Another example of a winner-takes-all market for content is SEO advice.  If you want to learn about (say) the latest changes Google announced last month, you will find hundreds of blog posts by different local SEO agencies, all of which will have the same information.  Only a few sources will rank highly, such as Moz or Search Engine Land.  The rest will be add to the content glut.

It is extremely hard to win the game of becoming the most authoritative source of information about a topic that is widely covered and has a uniformity of views.  Generally, the first-movers in such a topic gain a sustained advantage, as they develop a reputation of being the go-to source of information.  

There are a couple of tactics sellers of content use in winner-takes-all markets.  The first is to set-up a franchise, so that the publisher develops a network of contributors to increase their scale and visibility.  This is the approach used, for example, by Moz and other large SEO websites.  Contributors get some visibility, and build some reputation, but may not develop solid brand recognition.

The second tactic, advocated by some content marketing specialists, is to develop “pillar” content.  The goal of this tactic is to build up a massive amount of content about a topic, so that no one else has the opportunity to say something that you haven’t already addressed.  You can think of this approach as a “build your own Wikipedia”.  Some proponents advocate articles of 5000 words or more, cross-linked to other related articles.  It’s an expensive tactic to pursue, with no guarantees.  In certain cases, pillar content might work, for a topic that is not well covered currently, and for which there is a strong demand for extremely detailed information.  But otherwise, it can be a folly.  Pillar content tactics can trigger an arms race of trying to out-publish competitors with more and longer content.  In the race to become authoritative, the publisher can lose sight of what audiences want.  Do they really want 5000 word encyclopedic articles?  Generally they don’t.

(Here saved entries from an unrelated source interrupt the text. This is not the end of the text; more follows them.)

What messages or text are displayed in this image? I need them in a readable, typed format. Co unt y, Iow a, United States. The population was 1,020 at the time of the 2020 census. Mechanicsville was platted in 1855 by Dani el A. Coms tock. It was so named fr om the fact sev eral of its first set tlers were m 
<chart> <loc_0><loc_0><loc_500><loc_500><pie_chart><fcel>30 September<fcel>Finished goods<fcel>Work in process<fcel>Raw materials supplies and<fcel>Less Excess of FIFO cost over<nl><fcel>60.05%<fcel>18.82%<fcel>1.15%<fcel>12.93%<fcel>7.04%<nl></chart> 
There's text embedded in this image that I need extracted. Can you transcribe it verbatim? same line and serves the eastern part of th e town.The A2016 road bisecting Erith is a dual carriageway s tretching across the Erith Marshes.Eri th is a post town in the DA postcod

Winner-takes-all applies to a competitive (non-captive) market.  If you have a captive audience (like your email list) you can be more successful with generic topics. But you will still be competing with the leaders.

Don’t forget: the characteristic of winner-takes-all markets is that there are few winners, and many losers.  Make sure you aren’t competing with a topic you are unprepared to win with.

Auction Markets

The defining characteristic of an auction market is that different people price stuff differently.  There’s no single definition of what the best is.  People value content differently, according to what they perceive as what’s unique or special about it.

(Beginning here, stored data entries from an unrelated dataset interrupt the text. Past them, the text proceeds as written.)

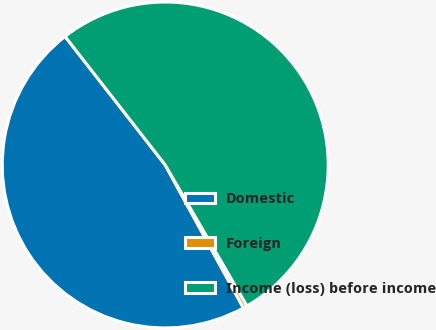Convert chart to OTSL. <chart><loc_0><loc_0><loc_500><loc_500><pie_chart><fcel>Domestic<fcel>Foreign<fcel>Income (loss) before income<nl><fcel>47.43%<fcel>0.4%<fcel>52.17%<nl></chart> 
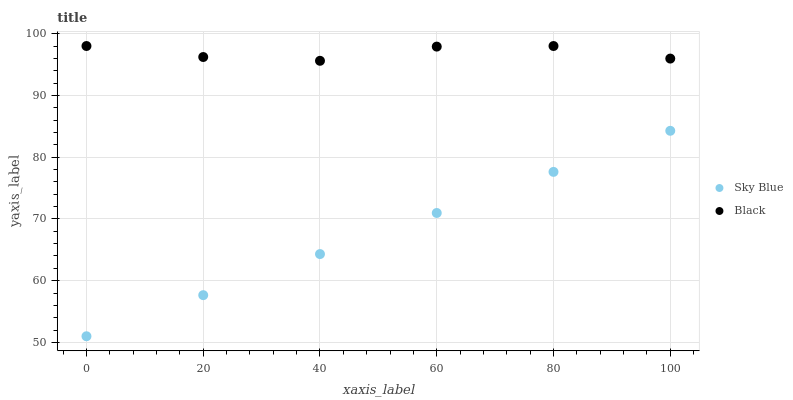Does Sky Blue have the minimum area under the curve?
Answer yes or no. Yes. Does Black have the maximum area under the curve?
Answer yes or no. Yes. Does Black have the minimum area under the curve?
Answer yes or no. No. Is Sky Blue the smoothest?
Answer yes or no. Yes. Is Black the roughest?
Answer yes or no. Yes. Is Black the smoothest?
Answer yes or no. No. Does Sky Blue have the lowest value?
Answer yes or no. Yes. Does Black have the lowest value?
Answer yes or no. No. Does Black have the highest value?
Answer yes or no. Yes. Is Sky Blue less than Black?
Answer yes or no. Yes. Is Black greater than Sky Blue?
Answer yes or no. Yes. Does Sky Blue intersect Black?
Answer yes or no. No. 
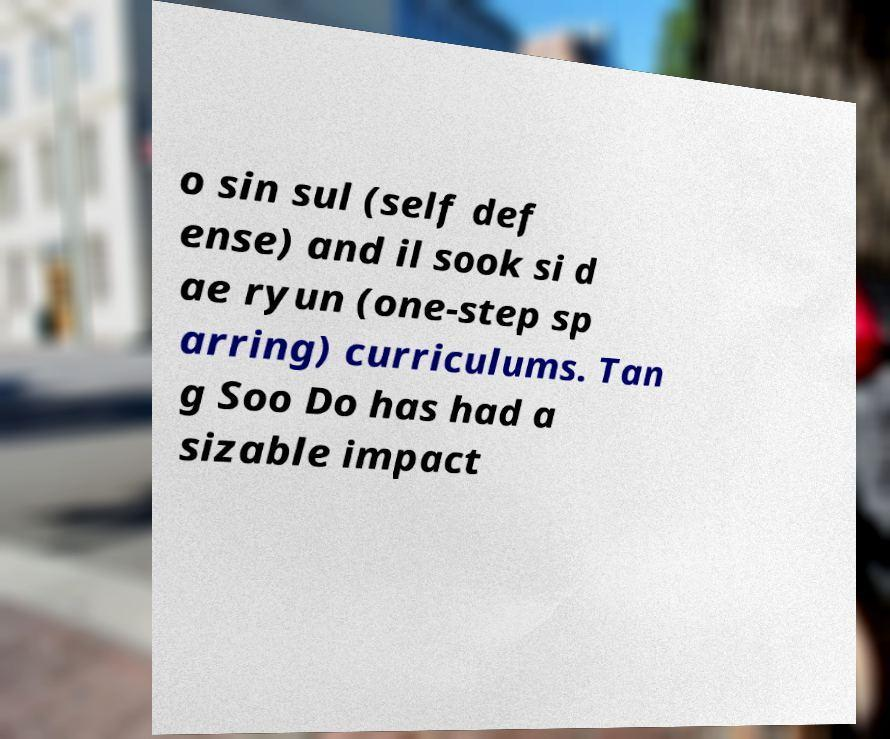Could you extract and type out the text from this image? o sin sul (self def ense) and il sook si d ae ryun (one-step sp arring) curriculums. Tan g Soo Do has had a sizable impact 
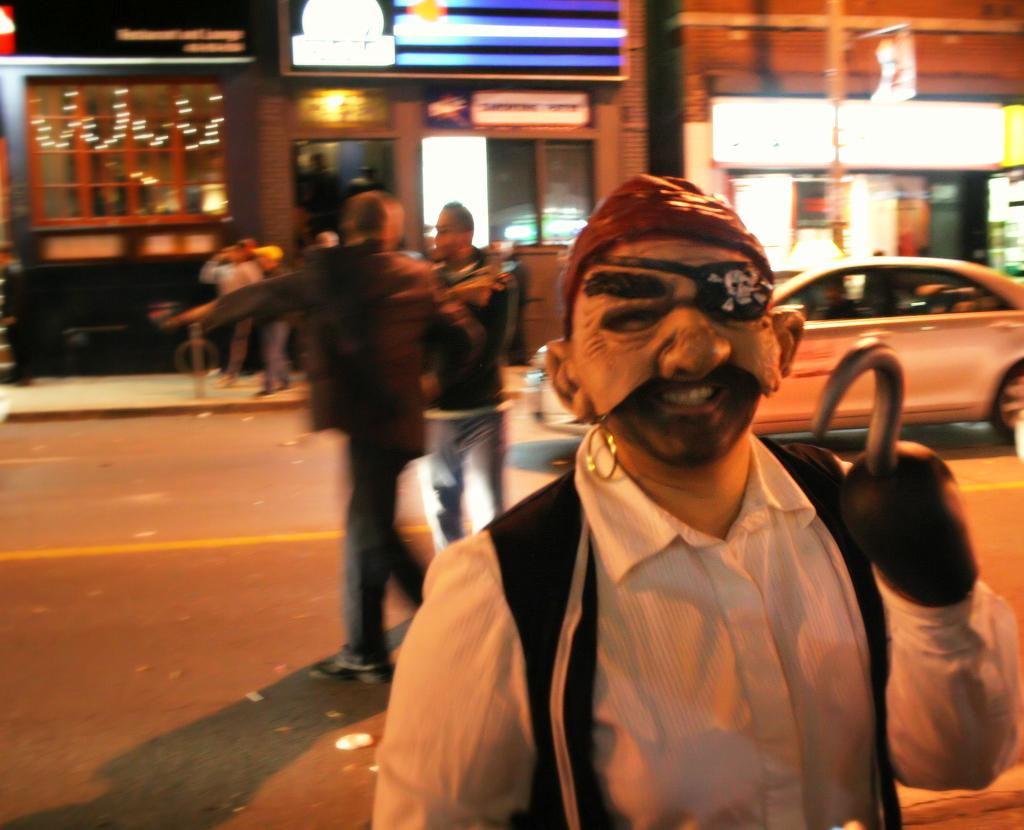What is the main subject of the image? There is a person in the image. What is the person wearing? The person is wearing a mask. What object is the person holding? The person is holding a walking stick. What can be seen in the background of the image? There is a store, people standing on the road, and a motor vehicle in the background. What type of government is depicted in the image? There is no depiction of a government in the image; it features a person wearing a mask and holding a walking stick, along with a background scene. How many experts can be seen in the image? There are no experts present in the image.

A non-content example of an auction market is hiring an interior decorator.  It’s a very diverse market: decorators serve different segments of buyers (rich, budget, urban, suburban,…), and within segments people have widely different tastes (eclectic, mid-century modern, cutting edge, traditional…).  Different decorators are “right” for different people.  But that doesn’t mean there’s no competition.  Far more decorators want to design interiors that could be featured in Architectural Digest than there are clients looking to hire such decorators.  There’s an overabundance of decorators who favor the white sofa look that gets featured in Architectural Digest.  And budget buyers may have trouble finding a budget decorator who has sophisticated taste and who can hire affordable and reliable contractors.  It’s hard to get the niche right, where buyers want what you can offer.  

 The value that audiences assign to content in auctions depends on the parameters they most care about. A broad topic that has wide interest can potentially be discussed in different ways, by tailoring topic so that it is targeted at segment, offering a unique point of view (POV), or by accommodating a specific level of prior knowledge about the topic. 

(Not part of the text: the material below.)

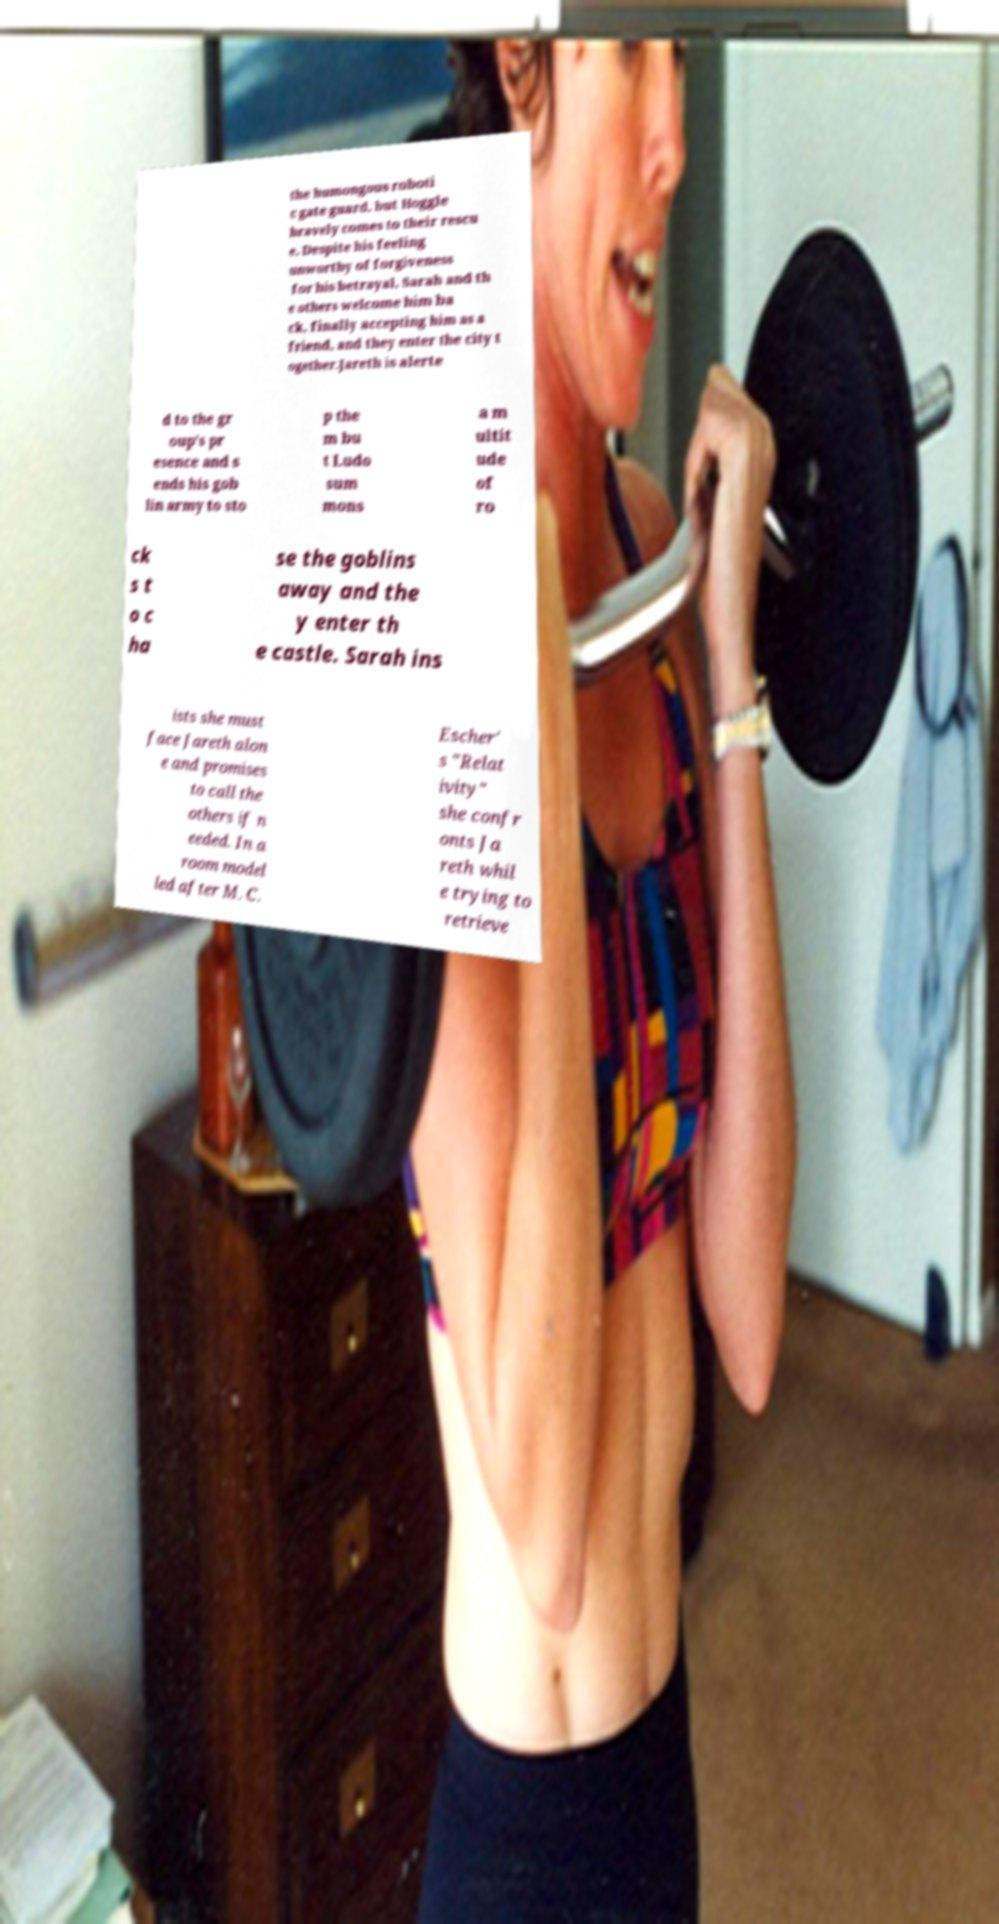What messages or text are displayed in this image? I need them in a readable, typed format. the humongous roboti c gate guard, but Hoggle bravely comes to their rescu e. Despite his feeling unworthy of forgiveness for his betrayal, Sarah and th e others welcome him ba ck, finally accepting him as a friend, and they enter the city t ogether.Jareth is alerte d to the gr oup's pr esence and s ends his gob lin army to sto p the m bu t Ludo sum mons a m ultit ude of ro ck s t o c ha se the goblins away and the y enter th e castle. Sarah ins ists she must face Jareth alon e and promises to call the others if n eeded. In a room model led after M. C. Escher' s "Relat ivity" she confr onts Ja reth whil e trying to retrieve

Many areas of content marketing are auction markets.  Some consumers are enthusiastic about learning the details of  products;  others are reluctant buyers worried about costs or reliability.   For example, home repair is a topic of fascination for a handyman. It’s a chore and headache for an exasperated homeowner dealing with an emergency.  

Auction markets rank on the basis of differentiation.  Brands make an appeal: We are right for you! Others are wrong for you! And by extension: We are wrong for people who aren’t like you!  Brands aim for what  could be called the audience-content-brand fit.  The moment a brand tries to become a multi-audience pleaser, it risks losing relevance.  It is then playing the winner-takes-all strategy.

Audience segments most value content that addresses specific needs that seem unique, and is not offered by others.  This places a premium on differentiation.  Segmentation is based on approach.  How content addresses a topic will mirror how audience segments coalesce around themes, interests or motivations.

Many marketers have trouble addressing fuzzy segments.  Groups of people may be drawn to a combination of overlapping interests, be looking for fresh points of view, and have varying levels of knowledge.   Such segments are fiendishly hard to define quantitatively.  How many people fit in each box?  It can be more productive to define the box as a idea to test, rather than as a fixed number.  Auctions discover segments; they don’t impose them.  People vote their priorities in auctions.  One can’t know what people want in an auction before it happens.  By their nature, auctions are meant to surprise us.  

Auctions are fluid.  People’s interests shift.  Their knowledge may grow, or their willingness to learn may lessen.  It is even possible for an auction market to morph into a winner-takes-all market.  Today’s hottest debates can turn into tomorrow’s best practice orthodoxy. 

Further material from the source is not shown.